Token Choice Routing. The routing algorithm picks the top-1 or top-2 experts with highest affinity scores for each token. The affinity scores can be trained together with model parameters.

The independent token choice approach often leads to an imbalanced load of experts and under-utilization. In order to mitigate this, previous sparsely gated networks introduced additional auxiliary losses as regularization to prevent too many tokens being routed to a single expert, but the effectiveness was limited. As a result, token choice routings need to overprovision expert capacity by a significant margin (2x–8x of the calculated capacity) to avoid dropping tokens when there is a buffer overflow.

In addition to load imbalance, most prior works allocate a fixed number of experts to each token using a top-k function, regardless of the relative importance of different tokens. We argue that different tokens should be received by a variable number of experts, conditioned on token importance or difficulty.

Expert Choice Routing

To address the above issues, we propose a heterogeneous MoE that employs the expert choice routing method illustrated below. Instead of having tokens select the top-k experts, the experts with predetermined buffer capacity are assigned to the top-k tokens. This method guarantees even load balancing, allows a variable number of experts for each token, and achieves substantial gains in training efficiency and downstream performance. EC routing speeds up training convergence by over 2x in an 8B/64E (8 billion activated parameters, 64 experts) model, compared to the top-1 and top-2 gating counterparts in Switch Transformer, GShard, and GLaM.

Expert Choice Routing. Experts with predetermined buffer capacity are assigned top-k tokens, thus guaranteeing even load balancing. Each token can be received by a variable number of experts.

In EC routing, we set expert capacity k as the average tokens per expert in a batch of input sequences multiplied by a capacity factor, which determines the average number of experts that can be received by each token. To learn the token-to-expert affinity, our method produces a token-to-expert score matrix that is used to make routing decisions. The score matrix indicates the likelihood of a given token in a batch of input sequences being routed to a given expert.

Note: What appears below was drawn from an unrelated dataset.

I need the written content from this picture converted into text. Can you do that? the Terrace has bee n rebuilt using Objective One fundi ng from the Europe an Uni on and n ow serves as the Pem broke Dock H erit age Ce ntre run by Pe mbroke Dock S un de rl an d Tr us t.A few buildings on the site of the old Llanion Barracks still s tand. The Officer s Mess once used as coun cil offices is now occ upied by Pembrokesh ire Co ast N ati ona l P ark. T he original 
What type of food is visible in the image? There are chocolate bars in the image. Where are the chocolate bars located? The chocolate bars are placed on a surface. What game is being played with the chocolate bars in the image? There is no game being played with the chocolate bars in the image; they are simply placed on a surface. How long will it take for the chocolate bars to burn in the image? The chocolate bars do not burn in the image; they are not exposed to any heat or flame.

Similar to Switch Transformer and GShard, we apply an MoE and gating function in the dense feedforward (FFN) layer, as it is the most computationally expensive part of a Transformer-based network. After producing the token-to-expert score matrix, a top-k function is applied along the token dimension for each expert to pick the most relevant tokens. A permutation function is then applied based on the generated indexes of the token, to create a hidden value with an additional expert dimension. The data is split across multiple experts such that all experts can execute the same computational kernel concurrently on a subset of tokens. Because a fixed expert capacity can be determined, we no longer overprovision expert capacity due to load imbalancing, thus significantly reducing training and inference step time by around 20% compared to GLaM.

Evaluation

To illustrate the effectiveness of Expert Choice routing, we first look at training efficiency and convergence. We use EC with a capacity factor of 2 (EC-CF2) to match the activated parameter size and computational cost on a per-token basis to GShard top-2 gating and run both for a fixed number of steps. EC-CF2 reaches the same perplexity as GShard top-2 in less than half the steps and, in addition, we find that each GShard top-2 step is 20% slower than our method.

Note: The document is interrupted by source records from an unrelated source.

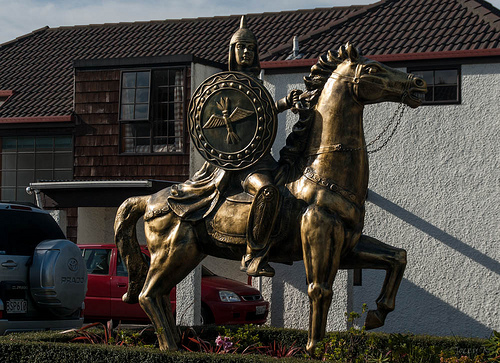<image>
Is there a statue in front of the building? Yes. The statue is positioned in front of the building, appearing closer to the camera viewpoint. 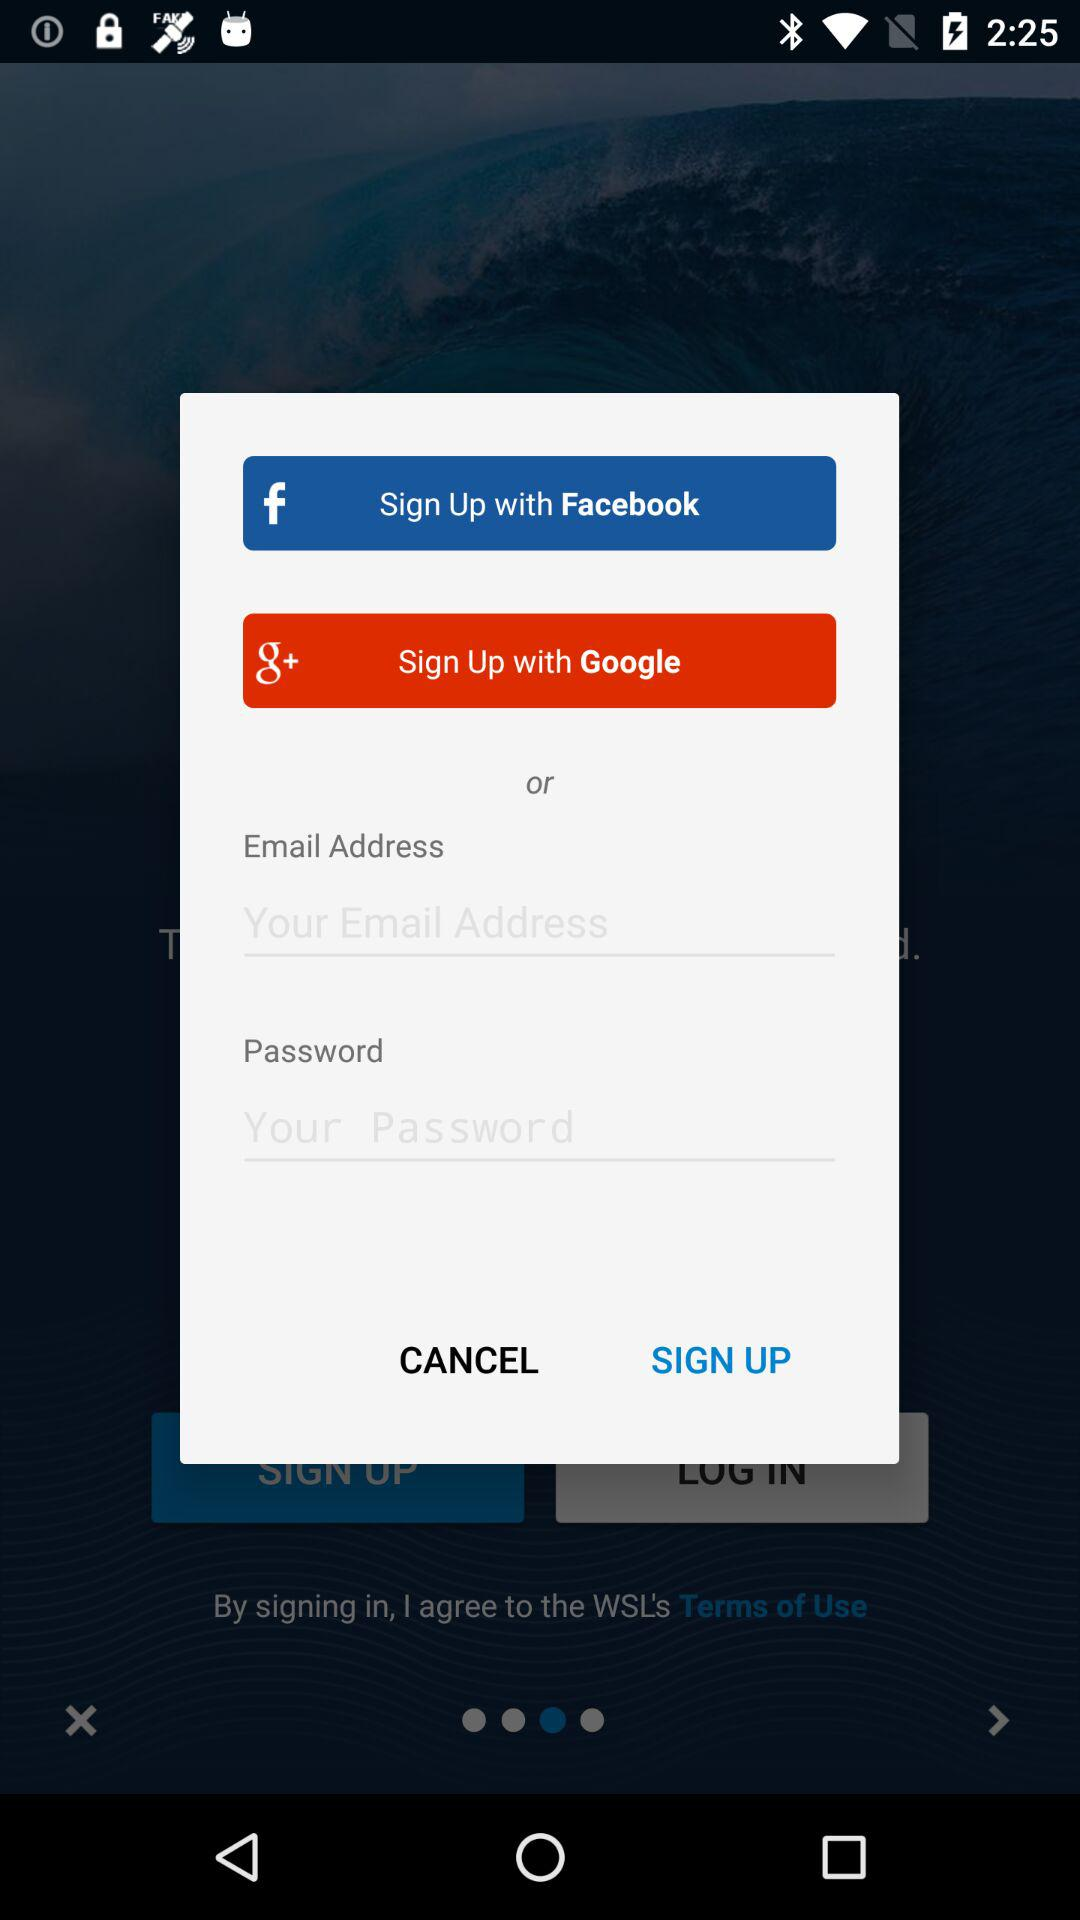What are the options for signing up? The options for signing up are "Facebook", "Google" and "Email Address". 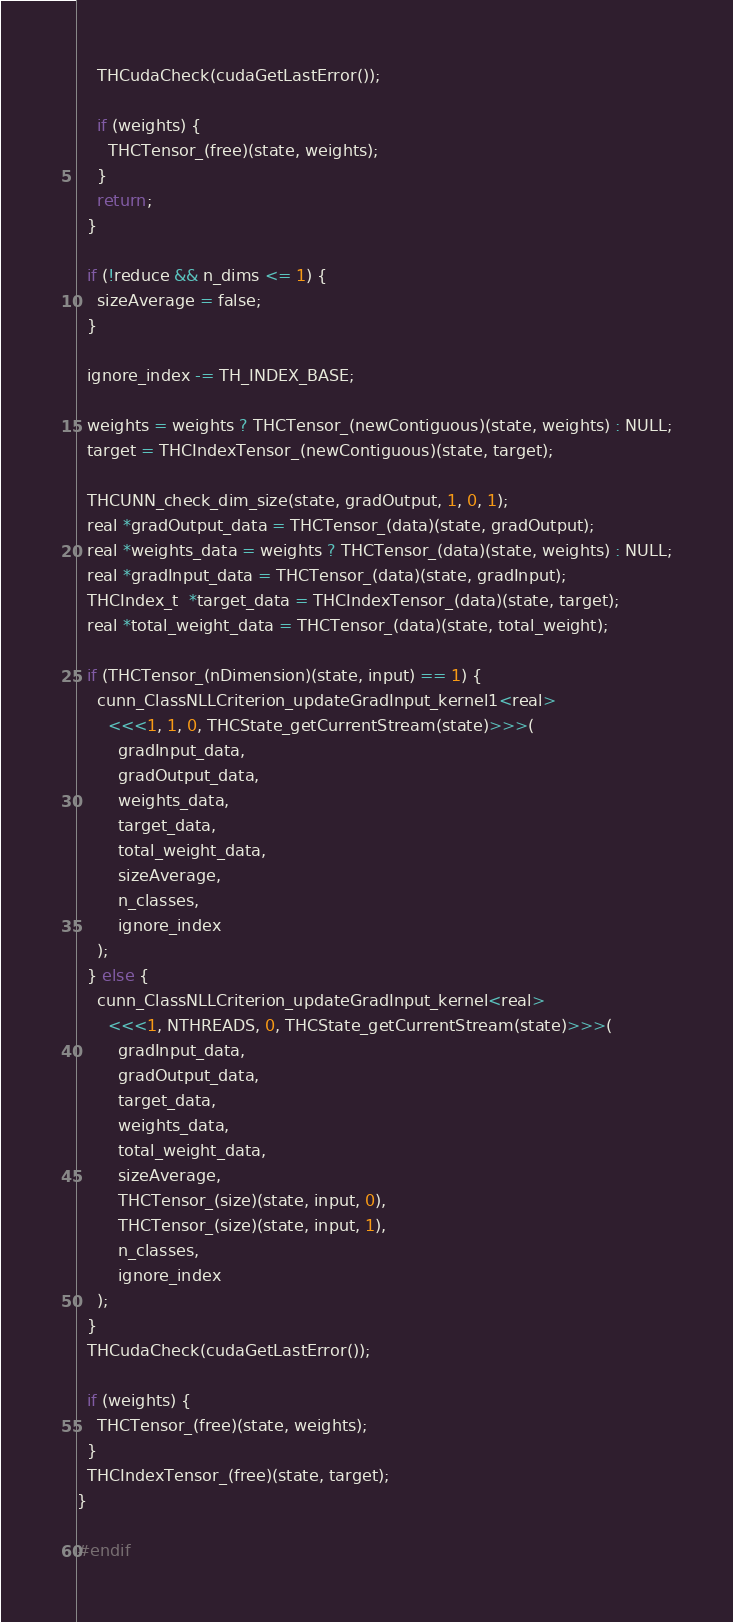<code> <loc_0><loc_0><loc_500><loc_500><_Cuda_>
    THCudaCheck(cudaGetLastError());

    if (weights) {
      THCTensor_(free)(state, weights);
    }
    return;
  }

  if (!reduce && n_dims <= 1) {
    sizeAverage = false;
  }

  ignore_index -= TH_INDEX_BASE;

  weights = weights ? THCTensor_(newContiguous)(state, weights) : NULL;
  target = THCIndexTensor_(newContiguous)(state, target);

  THCUNN_check_dim_size(state, gradOutput, 1, 0, 1);
  real *gradOutput_data = THCTensor_(data)(state, gradOutput);
  real *weights_data = weights ? THCTensor_(data)(state, weights) : NULL;
  real *gradInput_data = THCTensor_(data)(state, gradInput);
  THCIndex_t  *target_data = THCIndexTensor_(data)(state, target);
  real *total_weight_data = THCTensor_(data)(state, total_weight);

  if (THCTensor_(nDimension)(state, input) == 1) {
    cunn_ClassNLLCriterion_updateGradInput_kernel1<real>
      <<<1, 1, 0, THCState_getCurrentStream(state)>>>(
        gradInput_data,
        gradOutput_data,
        weights_data,
        target_data,
        total_weight_data,
        sizeAverage,
        n_classes,
        ignore_index
    );
  } else {
    cunn_ClassNLLCriterion_updateGradInput_kernel<real>
      <<<1, NTHREADS, 0, THCState_getCurrentStream(state)>>>(
        gradInput_data,
        gradOutput_data,
        target_data,
        weights_data,
        total_weight_data,
        sizeAverage,
        THCTensor_(size)(state, input, 0),
        THCTensor_(size)(state, input, 1),
        n_classes,
        ignore_index
    );
  }
  THCudaCheck(cudaGetLastError());

  if (weights) {
    THCTensor_(free)(state, weights);
  }
  THCIndexTensor_(free)(state, target);
}

#endif
</code>

We also scale the number of experts while fixing the expert size to 100M parameters for both EC and GShard top-2 methods. We find that both work well in terms of perplexity on the evaluation dataset during pre-training — having more experts consistently improves training perplexity.

Evaluation results on training convergence: EC routing yields 2x faster convergence at 8B/64E scale compared to top-2 gating used in GShard and GLaM (top). EC training perplexity scales better with the scaling of number of experts (bottom).

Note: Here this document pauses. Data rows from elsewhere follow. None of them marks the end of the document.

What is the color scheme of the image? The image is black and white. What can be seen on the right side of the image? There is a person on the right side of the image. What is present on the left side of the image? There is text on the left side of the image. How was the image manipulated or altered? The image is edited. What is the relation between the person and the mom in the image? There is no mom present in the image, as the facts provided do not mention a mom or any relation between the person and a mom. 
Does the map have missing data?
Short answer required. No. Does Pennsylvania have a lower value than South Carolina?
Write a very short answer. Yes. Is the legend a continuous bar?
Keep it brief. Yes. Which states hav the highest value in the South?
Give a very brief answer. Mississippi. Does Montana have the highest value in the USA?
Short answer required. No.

To validate whether improved perplexity directly translates to better performance in downstream tasks, we perform fine-tuning on 11 selected tasks from GLUE and SuperGLUE. We compare three MoE methods including Switch Transformer top-1 gating (ST Top-1), GShard top-2 gating (GS Top-2) and a version of our method (EC-CF2) that matches the activated parameters and computational cost of GS Top-2. The EC-CF2 method consistently outperforms the related methods and yields an average accuracy increase of more than 2% in a large 8B/64E setting. Comparing our 8B/64E model against its dense counterpart, our method achieves better fine-tuning results, increasing the average score by 3.4 points.

Our empirical results indicate that capping the number of experts for each token hurts the fine-tuning score by 1 point on average. This study confirms that allowing a variable number of experts per token is indeed helpful. On the other hand, we compute statistics on token-to-expert routing, particularly on the ratio of tokens that have been routed to a certain number of experts. We find that a majority of tokens have been routed to one or two experts while 23% have been routed to three or four experts and only about 3% tokens have been routed to more than four experts, thus verifying our hypothesis that expert choice routing learns to allocate a variable number of experts to tokens.

Final Thoughts

We propose a new routing method for sparsely activated mixture-of-experts models. This method addresses load imbalance and under-utilization of experts in conventional MoE methods, and enables the selection of different numbers of experts for each token. Our model demonstrates more than 2x training efficiency improvement when compared to the state-of-the-art GShard and Switch Transformer models, and achieves strong gains when fine-tuning on 11 datasets in the GLUE and SuperGLUE benchmark.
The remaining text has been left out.